**INSTRUCTIONS TO FOLLOW**
The number of lines below that contain the word "roll" is all that the answer should hold.
*** Begin section ***
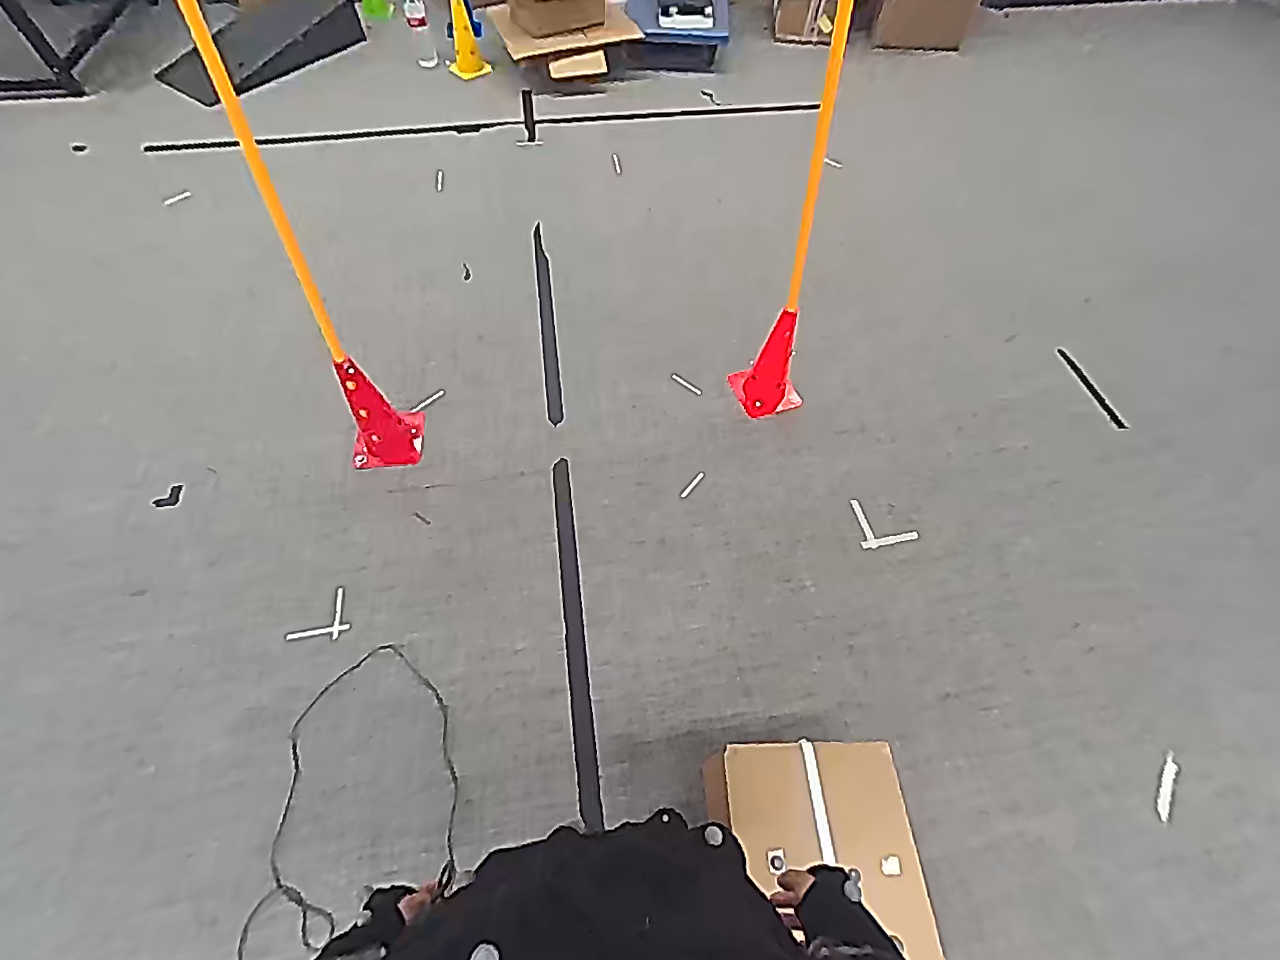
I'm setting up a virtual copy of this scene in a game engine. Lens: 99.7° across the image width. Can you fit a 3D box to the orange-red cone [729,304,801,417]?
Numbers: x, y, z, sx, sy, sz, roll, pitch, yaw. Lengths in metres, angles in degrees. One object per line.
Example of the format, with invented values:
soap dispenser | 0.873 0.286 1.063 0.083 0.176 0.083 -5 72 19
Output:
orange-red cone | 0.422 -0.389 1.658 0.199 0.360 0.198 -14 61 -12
*** End section ***
*** Begin section ***
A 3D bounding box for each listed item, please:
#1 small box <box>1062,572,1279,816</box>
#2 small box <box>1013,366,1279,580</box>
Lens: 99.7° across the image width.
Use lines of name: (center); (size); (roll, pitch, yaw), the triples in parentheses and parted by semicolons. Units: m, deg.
*** End section ***
**TASK OUTPUT**
2